++++ Data in this exercise ++++
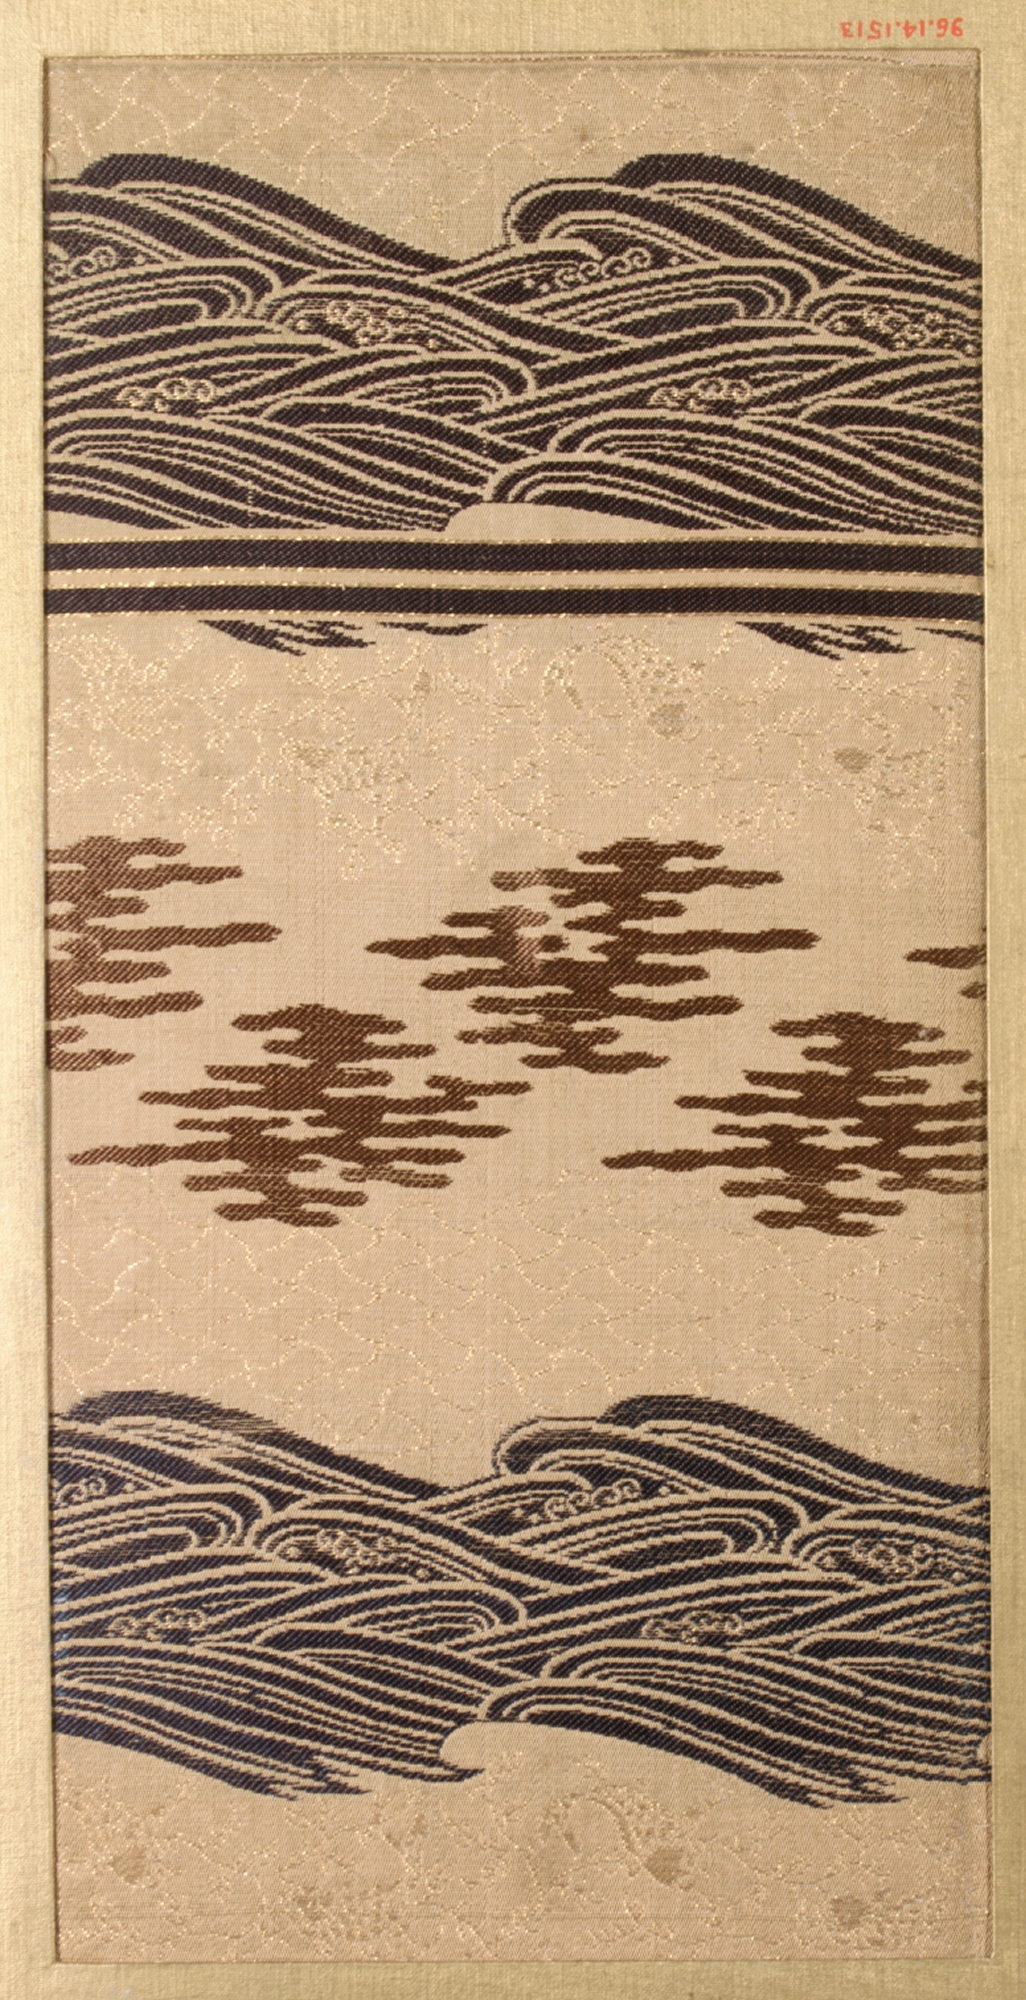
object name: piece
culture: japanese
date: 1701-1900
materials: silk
++++
++++ Data in this exercise ++++
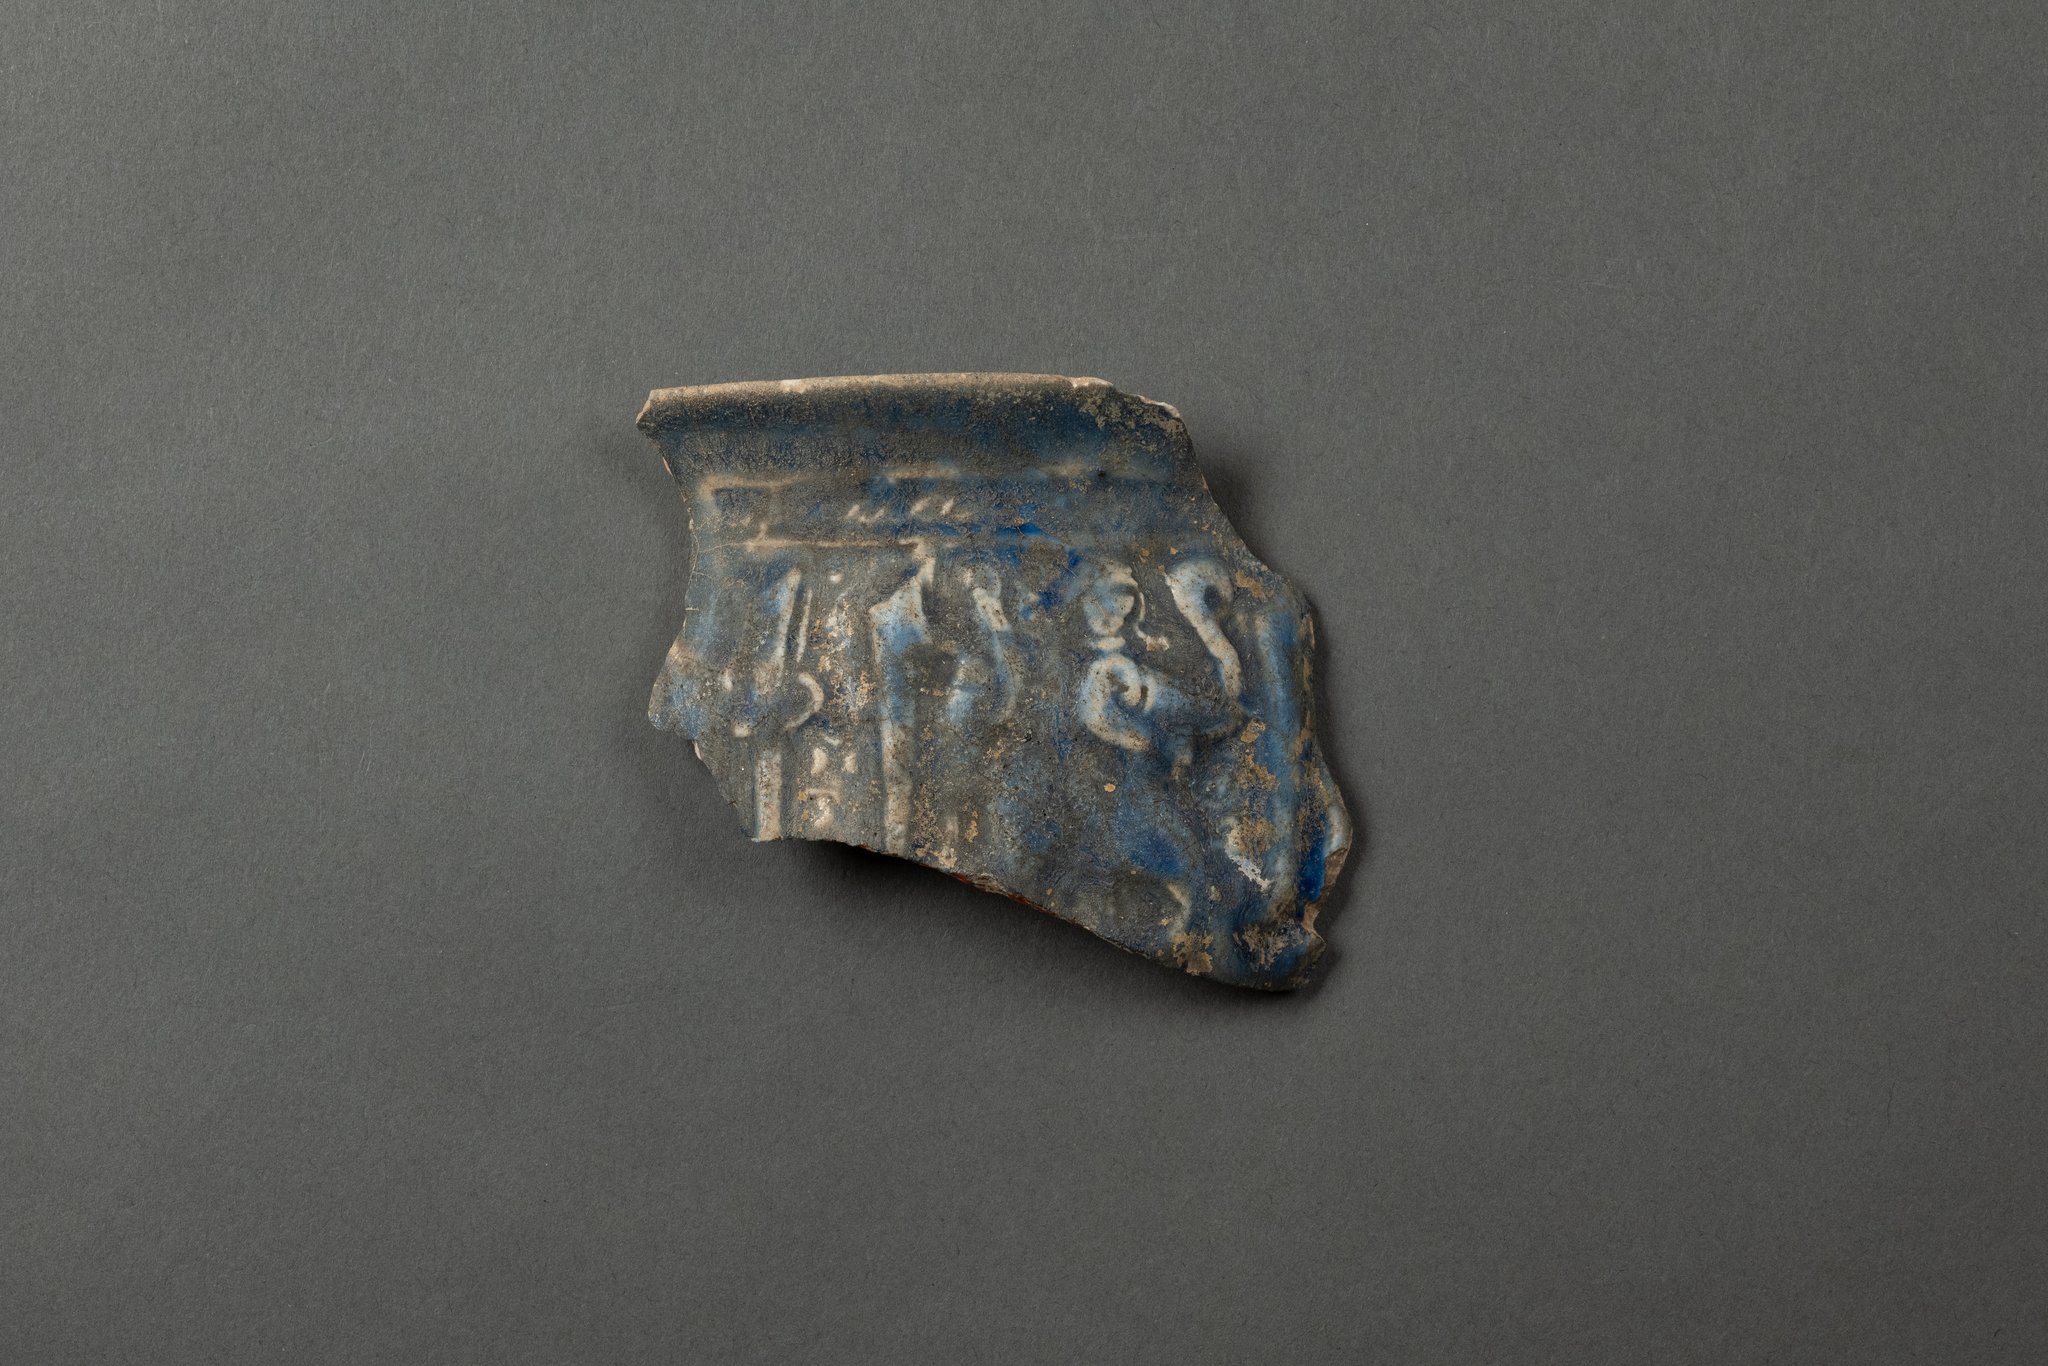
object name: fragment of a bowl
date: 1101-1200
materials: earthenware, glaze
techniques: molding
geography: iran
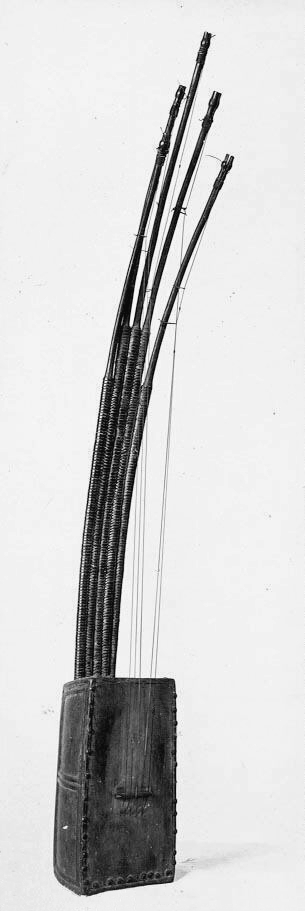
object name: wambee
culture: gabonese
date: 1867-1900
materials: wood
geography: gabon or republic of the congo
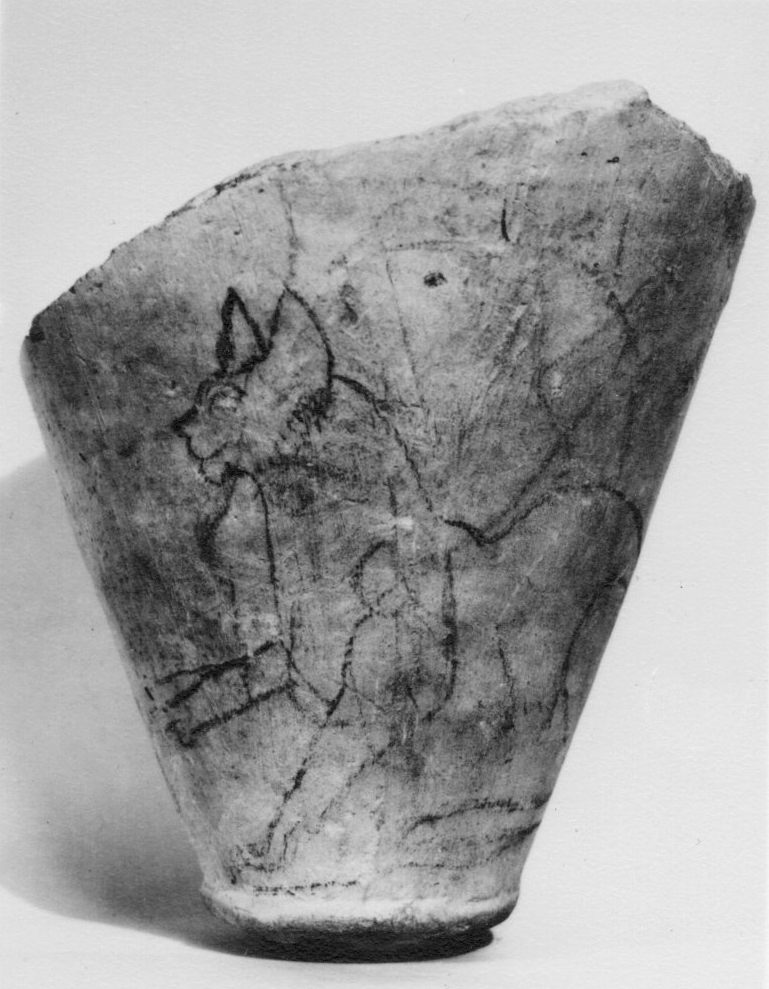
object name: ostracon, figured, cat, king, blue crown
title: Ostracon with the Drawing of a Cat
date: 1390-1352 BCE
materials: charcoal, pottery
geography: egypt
++++
■ **Work task**:
Please return the data above exactly as it stands from the line with "object name: wambee" to the line with "geography: egypt", keeping both of those lines but none of the pictures.

■ **Response**:
object name: wambee
culture: gabonese
date: 1867-1900
materials: wood
geography: gabon or republic of the congo
object name: ostracon, figured, cat, king, blue crown
title: Ostracon with the Drawing of a Cat
date: 1390-1352 BCE
materials: charcoal, pottery
geography: egypt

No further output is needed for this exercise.